=== What you need to do ===
Wherever an image appears in the data, omit it and copy all the remaining text word for word.

=== Raw data ===

• • • • • • •

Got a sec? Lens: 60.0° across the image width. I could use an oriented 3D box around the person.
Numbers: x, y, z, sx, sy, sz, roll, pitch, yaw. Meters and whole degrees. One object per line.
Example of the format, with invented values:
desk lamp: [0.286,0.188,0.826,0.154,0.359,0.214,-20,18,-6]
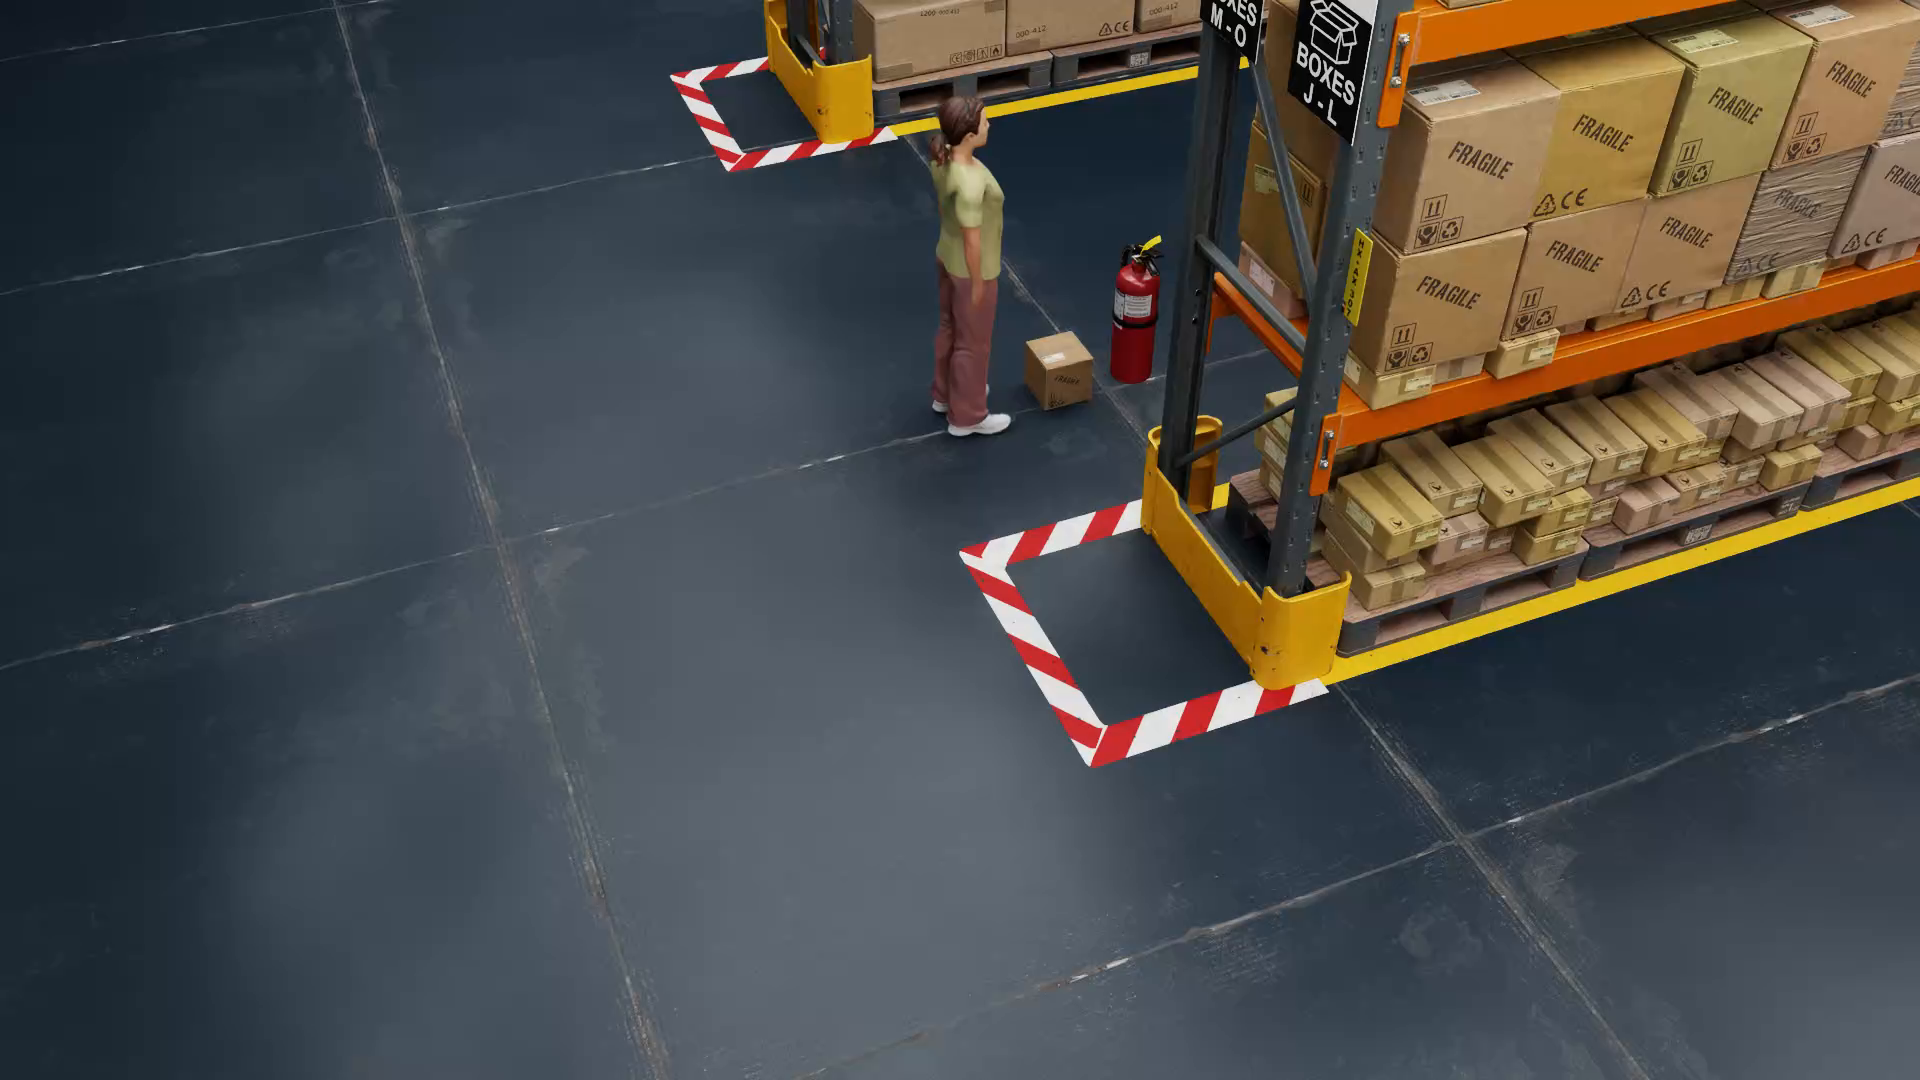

• • • • • • •

=== Output for this task ===
Got a sec? Lens: 60.0° across the image width. I could use an oriented 3D box around the person.
Numbers: x, y, z, sx, sy, sz, roll, pitch, yaw. Meters and whole degrees. One object per line.
Example of the format, with invented values:
desk lamp: [0.286,0.188,0.826,0.154,0.359,0.214,-20,18,-6]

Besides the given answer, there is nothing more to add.